SOURCE DATA:
*** Block opens ***

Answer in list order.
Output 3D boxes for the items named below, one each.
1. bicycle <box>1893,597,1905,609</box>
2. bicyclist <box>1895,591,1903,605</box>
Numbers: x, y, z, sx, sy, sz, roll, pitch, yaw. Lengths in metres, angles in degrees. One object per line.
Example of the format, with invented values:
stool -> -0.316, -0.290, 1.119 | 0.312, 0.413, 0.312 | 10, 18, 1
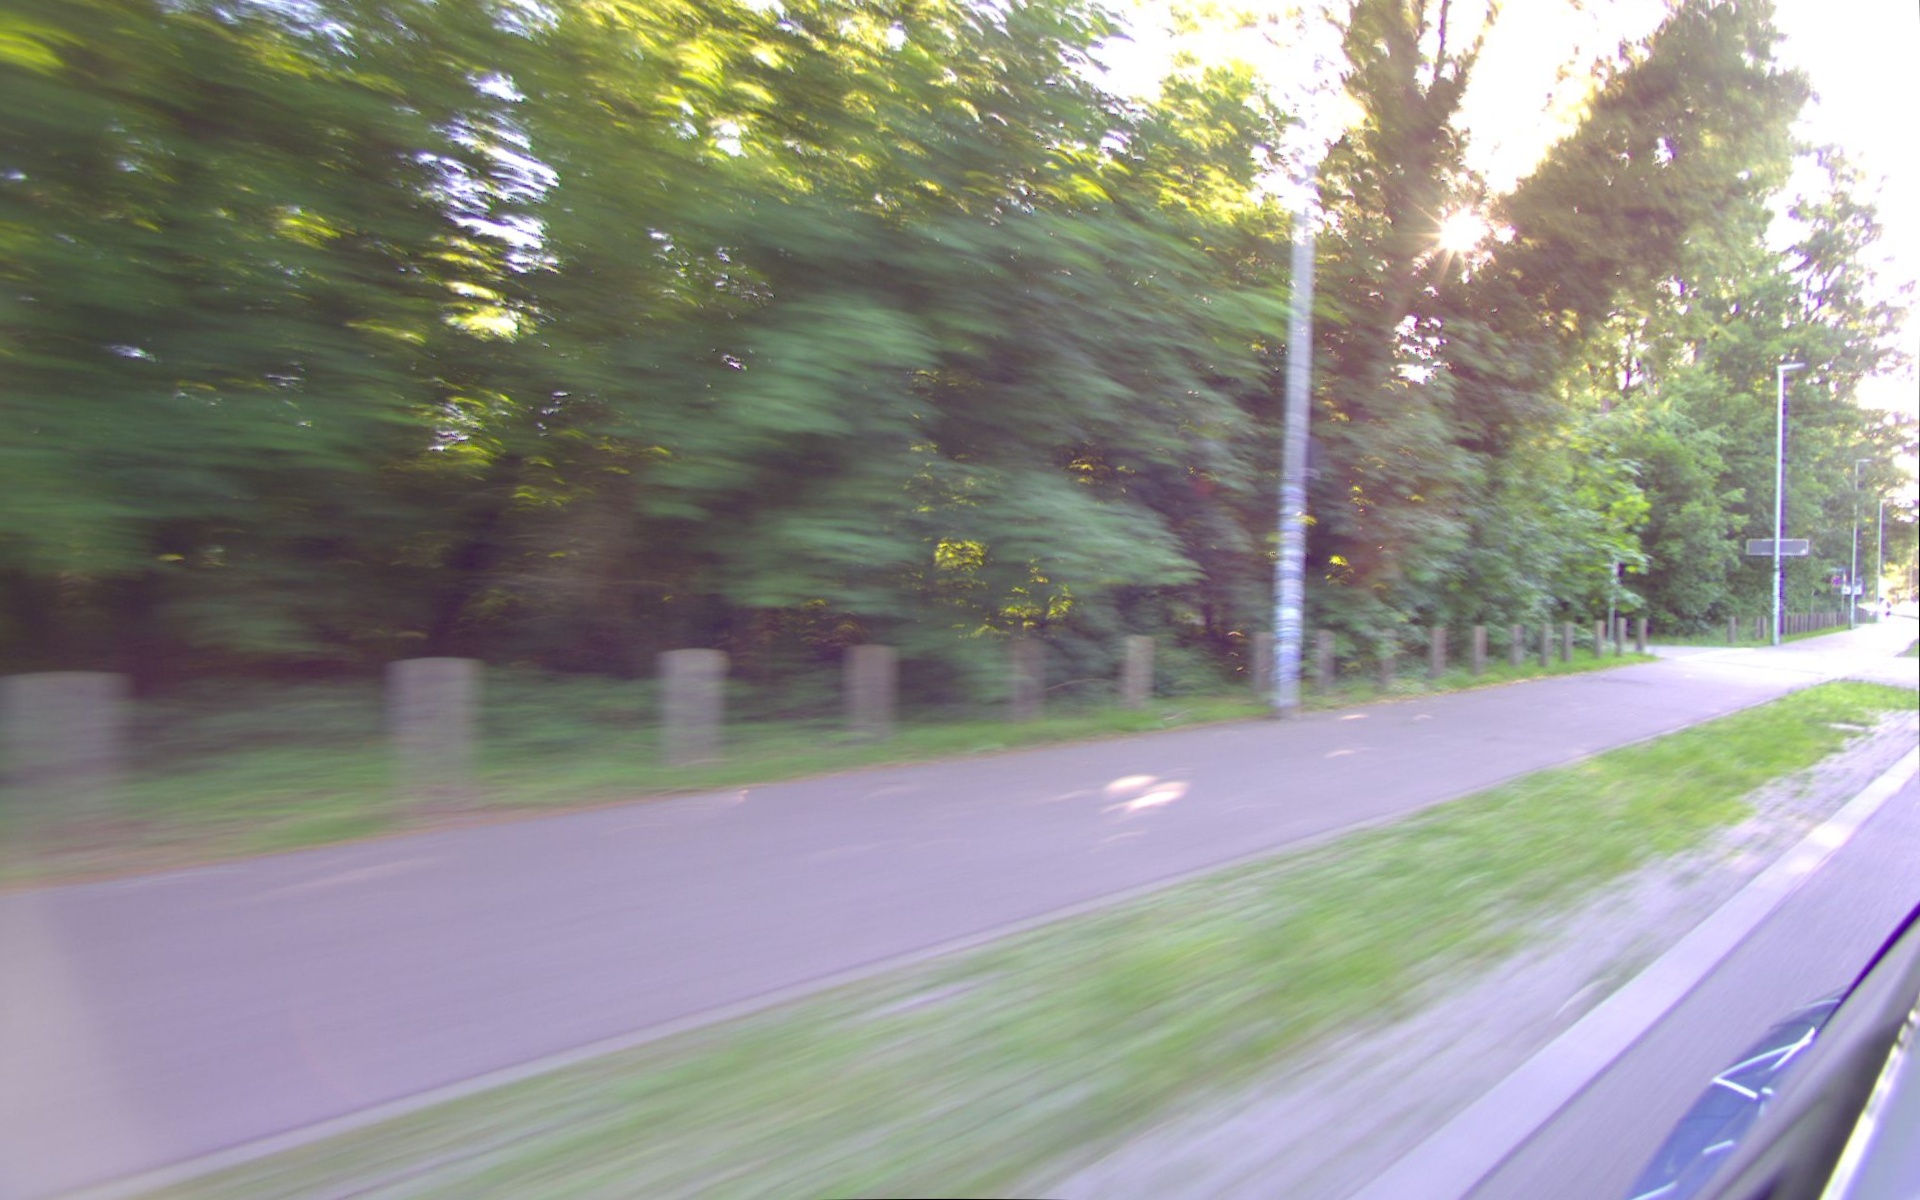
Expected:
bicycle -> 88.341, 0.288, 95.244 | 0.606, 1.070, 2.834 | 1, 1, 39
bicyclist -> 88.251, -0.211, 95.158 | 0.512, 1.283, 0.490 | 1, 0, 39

*** Block closes ***

TASK DIRECTIONS: For every record above, repeat the text exactly and omit any picture.

PROBLEM SOLUTION:
Answer in list order.
Output 3D boxes for the items named below, one each.
1. bicycle <box>1893,597,1905,609</box>
2. bicyclist <box>1895,591,1903,605</box>
Numbers: x, y, z, sx, sy, sz, roll, pitch, yaw. Lengths in metres, angles in degrees. One object per line.
Example of the format, with invented values:
stool -> -0.316, -0.290, 1.119 | 0.312, 0.413, 0.312 | 10, 18, 1
Expected:
bicycle -> 88.341, 0.288, 95.244 | 0.606, 1.070, 2.834 | 1, 1, 39
bicyclist -> 88.251, -0.211, 95.158 | 0.512, 1.283, 0.490 | 1, 0, 39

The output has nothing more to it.